How Financial Aid Offices Can Promote Responsible Borrowing
Financial aid administrators in California outline the steps they’ve taken to increase responsible borrowing on their campus in a report released today by The Institute for College Access and Success (TICAS) and the California Community College Student Financial Aid Administrators Association (CCCSFAAA).
The report, Making Loans Work: How Community Colleges Support Responsible Student Borrowing, also describes the challenge colleges face because they have to balance access to loans with preventing irresponsible borrowing.
“On the one hand, as an entitlement program, federal loans are available to students who meet basic eligibility criteria,” the report states. “On the other hand, the government expects accountability from colleges whose students borrow. However, choosing to exit the federal loan program can undermine the college completion goals that so many states and colleges are establishing.”
The report draws on interviews with financial aid administrators at a diverse group of California community colleges to identify best practices for promoting responsible borrowing and access to financial aid.
Some schools add steps to the loan process to provide additional guidance and education for students. Others use technology to track at-risk students and improve communication.
Santa Rosa Junior College provides worksheets to help students plan and budget for college. The worksheets serve as a good substitute for in-person counseling, particularly for schools with limited staff and resources. The worksheets may also help the financial aid office identify students that need added attention.
Santa Barbara City College ensures that every borrower receives in-person counseling every year they borrow. The counseling session covers academic progress, borrowing history, budgeting and plans for repayment.
Long Beach City College and City College of San Francisco bridge the gap between financial aid and academics by bringing academic counselors into the financial aid office.
At Antelope Valley College, students nearing 70 units must see a counselor and explain their plans for completing college or transferring. Mendocino College has a similar protocol.
Many schools are harnessing technology to establish early warning systems to identify students at-risk of failing or defaulting and improve communication with students.
“While colleges are required to suspend financial aid for students who are not meeting SAP standards, there is nothing to stop them from offering help to students who are in danger of reaching that point,” the report states. “Automated systems help flag students who may be in danger of borrowing too much or defaulting on their loans and ensure that they get help to stay on track.”
The report also outlines the challenges associated with these initiatives.
“There are many facets to running a responsible loan program. It entails having sound procedures that are clearly communicated and consistently implemented,” the report states. “It also requires that states and colleges invest in financial aid staff and other resources. Those resources should include professional development to ensure staff are up-to-date on regulations and practices while using their time (and students’ time) efficiently.”
The report provides the U.S. Department of Education with recommendations to help prevent default and over-borrowing. TICAS and CCCSFAAA encourage ED to:
- Review the benefits of prorating federal student loans by attendance status using NSLDS and other available data.

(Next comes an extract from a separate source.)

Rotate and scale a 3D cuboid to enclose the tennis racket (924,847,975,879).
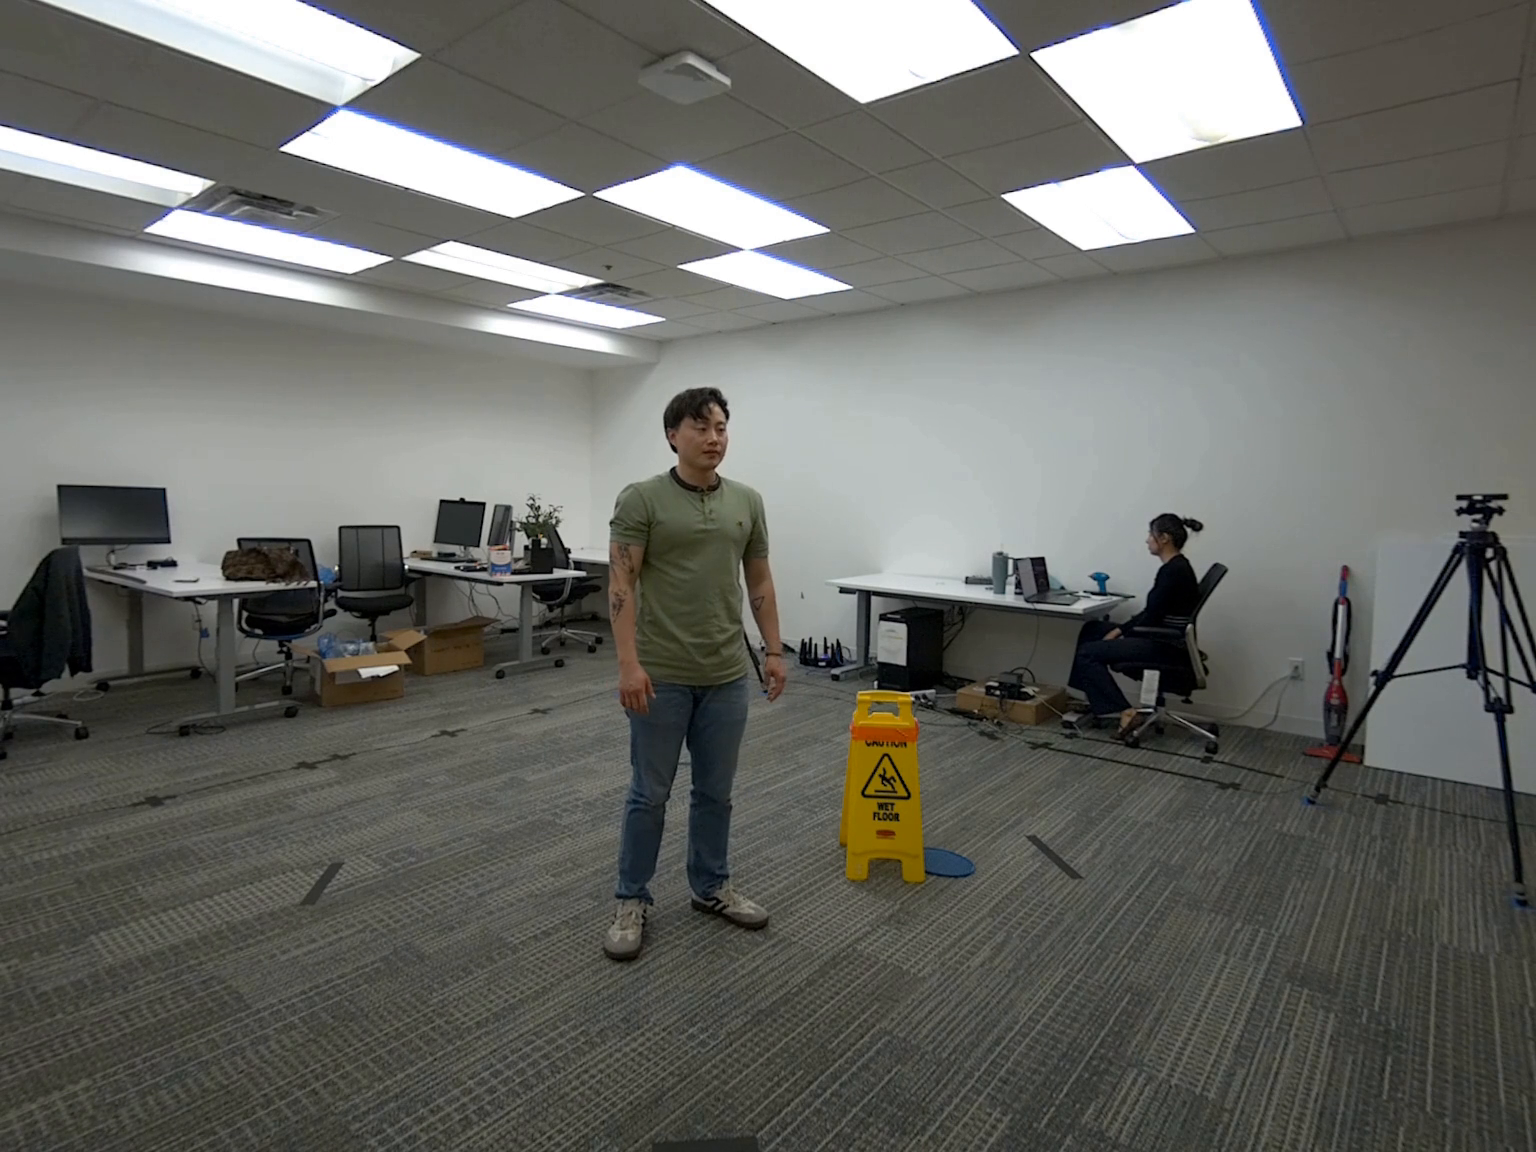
[{"bbox_3d":[0.695,1.069,3.153,0.446,0.031,0.208,6,9,32],"label":"tennis racket"}]
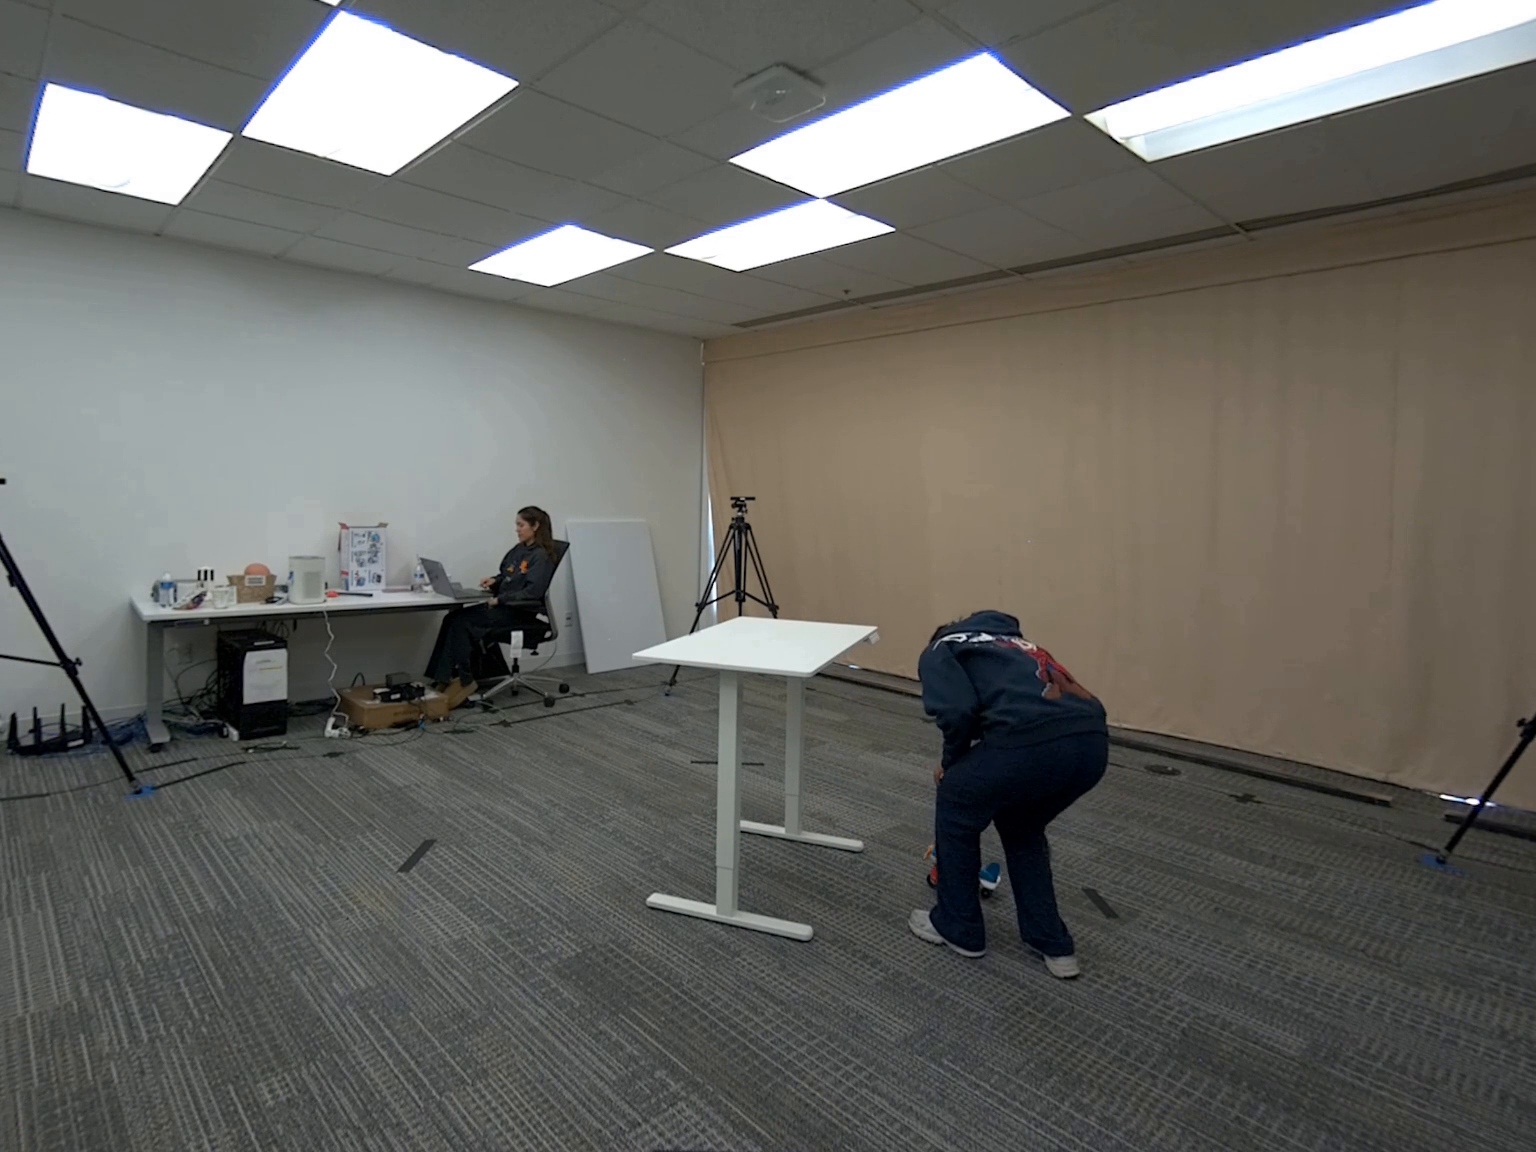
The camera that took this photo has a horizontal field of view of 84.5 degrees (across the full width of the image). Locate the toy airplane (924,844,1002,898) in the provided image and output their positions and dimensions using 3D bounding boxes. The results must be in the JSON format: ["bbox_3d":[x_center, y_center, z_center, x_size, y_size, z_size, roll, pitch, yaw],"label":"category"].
[{"bbox_3d":[0.706,1.060,3.082,0.259,0.156,0.252,1,5,-1],"label":"toy airplane"}]

- Assist schools in locating borrowers after they leave college to assist with default prevention efforts.
- Include financial aid applicants’ aid histories on the summary form colleges receive after students submit the FAFSA.
- Create an information clearinghouse, or up-to-date information on borrowing, for students.
- Consistently communicate best practices and effective initiatives to colleges.
- Better funding for the administration of financial aid.